In Thomas Morley's 1597 treatise entitled "A Plaine and Easie Introduction to Practicall Musicke" among various canonic devices, Morely gives an example with instructions on how to compose a palindromic piece for voices. He writes (p.201):
… you may make eight partes in foure (or fewer or more as you list) which may be sung backward and forward, that is, one beginning at the beginning of every part, and another at the ending, and so sing it quite through, and the rules to make it be these:
…because the singer will be in a doubt to which note the dott belongeth.
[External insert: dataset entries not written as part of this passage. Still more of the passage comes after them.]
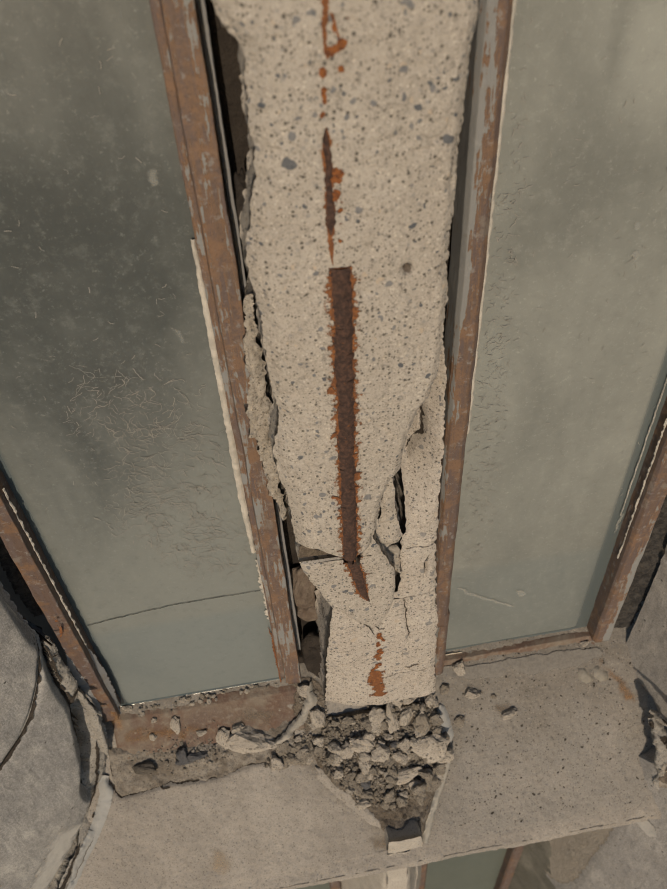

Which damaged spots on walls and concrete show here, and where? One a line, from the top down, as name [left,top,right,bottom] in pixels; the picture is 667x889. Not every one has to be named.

rust [319,0,347,265]
spalling [243,276,289,520]
spalling [323,266,370,602]
crack [298,545,328,558]
spalling [375,477,403,549]
crack [0,630,264,889]
peeling [274,681,317,745]
spalling [315,700,437,836]
rust [367,633,386,697]

For if he should hold it out with the note which followeth it, it would make an odde number, or then he must hold it in that tune wherein the following note is, making it of that time, as if it followed that note, which would be a great absurdity to let a dott before the note of which it taketh the time: having so made your song, you must set one part at the end of the other of the same kind (as trebble after trebble, base after base &c.) so that the end of the one be joined to the end of the other: soe shall your musicke goe right, forward and backward, as thus for example:
Now Morley's example is just that. He gives the beginning of the solution, and it is clear how it should continue. There is no text, and no source is to be found other than Morley's treatise. But the canon seems only an illustration, as Morley directs the reader to a magnificent example by William Byrd, to be found in the 1575 collection of sacred music by Byrd and Tallis entitled "Cantiones, quae ab argumento sacre vocantur…" a part book. Pictured below is the bass part to this eight-voice canonic palindrome, showing that the part is to be read both forward and in retrograde, with two pages combined into one image (the last line appended):
Next to the initial "D" is the instruction: "Due partes in una recte & retro." [Two parts in one, forward and in retrograde.] Although the text above is inverted, this is not to imply that the retrograde melody is to be inverted as well; it is not.